** Opening DATA EXTRACTS block **
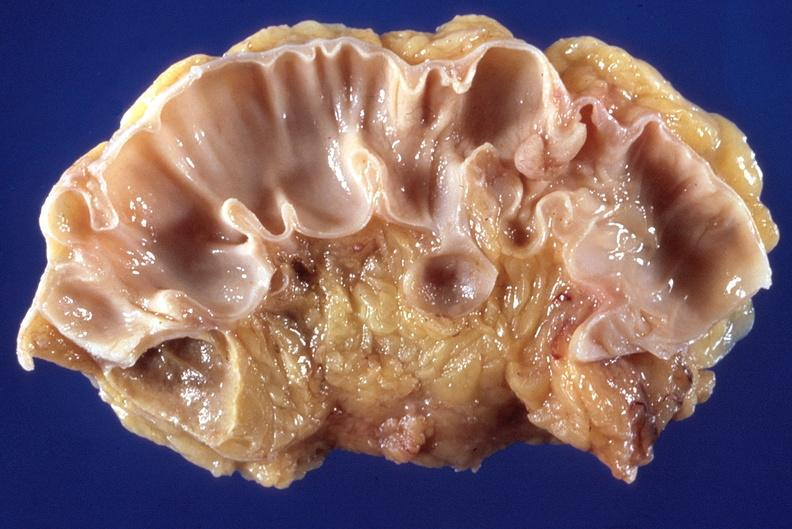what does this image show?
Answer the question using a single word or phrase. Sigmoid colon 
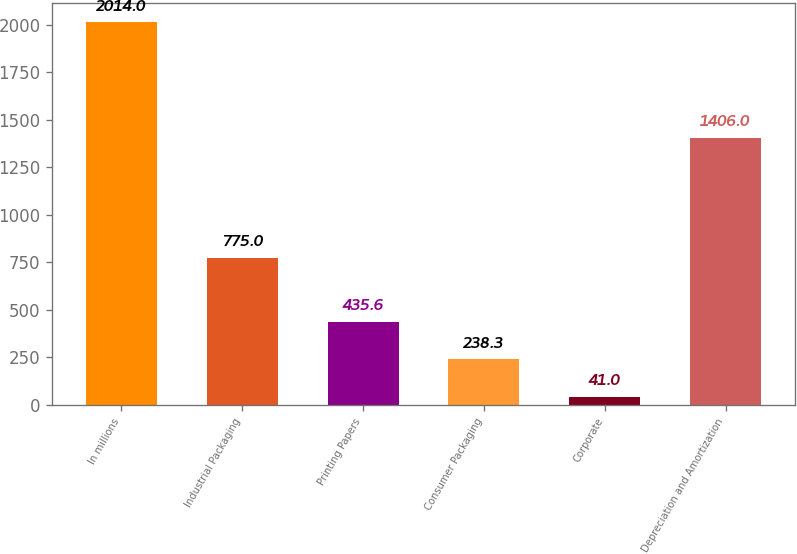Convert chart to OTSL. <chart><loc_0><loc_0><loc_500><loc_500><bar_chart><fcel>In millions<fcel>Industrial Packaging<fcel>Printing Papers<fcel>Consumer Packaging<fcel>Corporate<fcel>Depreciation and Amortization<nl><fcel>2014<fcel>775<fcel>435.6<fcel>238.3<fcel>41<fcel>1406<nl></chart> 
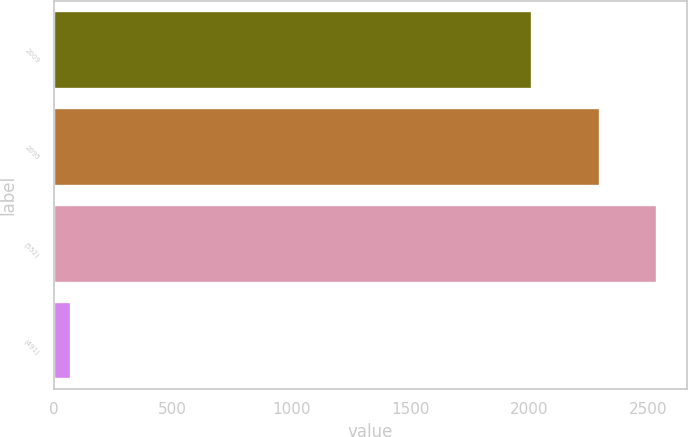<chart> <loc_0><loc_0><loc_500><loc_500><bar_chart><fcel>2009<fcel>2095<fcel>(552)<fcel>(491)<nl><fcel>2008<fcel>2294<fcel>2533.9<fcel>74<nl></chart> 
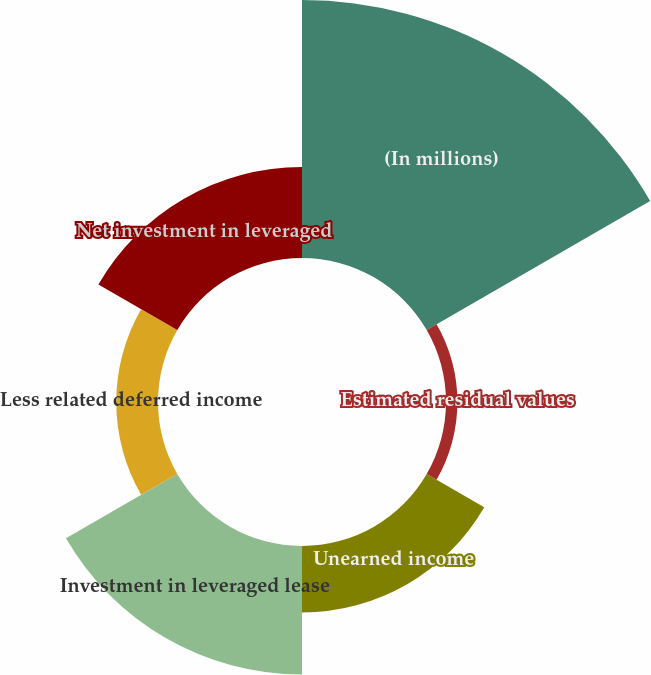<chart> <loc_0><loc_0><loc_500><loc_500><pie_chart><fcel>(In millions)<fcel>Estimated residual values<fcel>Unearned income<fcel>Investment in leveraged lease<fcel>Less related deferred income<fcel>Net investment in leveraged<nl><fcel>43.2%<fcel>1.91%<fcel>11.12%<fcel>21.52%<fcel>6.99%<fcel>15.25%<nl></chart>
** Closing DATA EXTRACTS block **
** Opening DATA EXTRACTS block **
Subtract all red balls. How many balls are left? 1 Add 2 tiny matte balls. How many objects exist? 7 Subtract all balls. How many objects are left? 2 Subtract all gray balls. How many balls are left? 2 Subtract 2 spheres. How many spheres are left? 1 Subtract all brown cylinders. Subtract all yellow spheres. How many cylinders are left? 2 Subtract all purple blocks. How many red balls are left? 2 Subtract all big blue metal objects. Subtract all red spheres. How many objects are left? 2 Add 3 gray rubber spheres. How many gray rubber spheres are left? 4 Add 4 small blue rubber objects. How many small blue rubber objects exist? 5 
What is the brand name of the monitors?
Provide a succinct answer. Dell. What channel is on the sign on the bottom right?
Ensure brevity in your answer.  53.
** Closing DATA EXTRACTS block **
** Opening DATA EXTRACTS block **
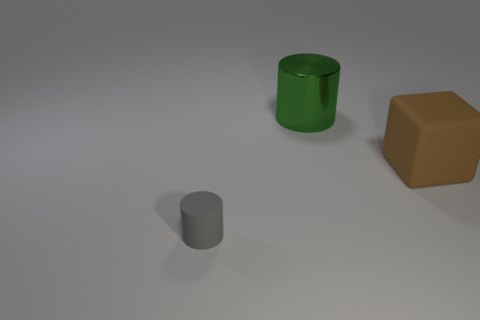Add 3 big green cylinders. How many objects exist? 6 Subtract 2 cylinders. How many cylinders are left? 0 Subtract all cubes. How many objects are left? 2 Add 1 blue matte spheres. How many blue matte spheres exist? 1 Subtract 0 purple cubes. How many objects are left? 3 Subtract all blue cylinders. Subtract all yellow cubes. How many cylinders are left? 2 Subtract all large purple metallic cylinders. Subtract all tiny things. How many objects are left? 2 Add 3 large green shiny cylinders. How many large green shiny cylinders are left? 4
** Closing DATA EXTRACTS block **
> **ABOUT THIS TASK**
Could the stretch from the line with "what does this image show?" through the line with "millions)<fcel>Estimated residual values<fcel>Unearned" in the listing above be restated word for word, minus the pictures?

> **SOLUTION TO THIS EXERCISE**
what does this image show?
Answer the question using a single word or phrase. Sigmoid colon 
Convert chart to OTSL. <chart><loc_0><loc_0><loc_500><loc_500><bar_chart><fcel>In millions<fcel>Industrial Packaging<fcel>Printing Papers<fcel>Consumer Packaging<fcel>Corporate<fcel>Depreciation and Amortization<nl><fcel>2014<fcel>775<fcel>435.6<fcel>238.3<fcel>41<fcel>1406<nl></chart> 
<chart> <loc_0><loc_0><loc_500><loc_500><bar_chart><fcel>2009<fcel>2095<fcel>(552)<fcel>(491)<nl><fcel>2008<fcel>2294<fcel>2533.9<fcel>74<nl></chart> 
<chart> <loc_0><loc_0><loc_500><loc_500><pie_chart><fcel>(In millions)<fcel>Estimated residual values<fcel>Unearned income<fcel>Investment in leveraged lease<fcel>Less related deferred income<fcel>Net investment in leveraged<nl><fcel>43.2%<fcel>1.91%<fcel>11.12%<fcel>21.52%<fcel>6.99%<fcel>15.25%<nl></chart>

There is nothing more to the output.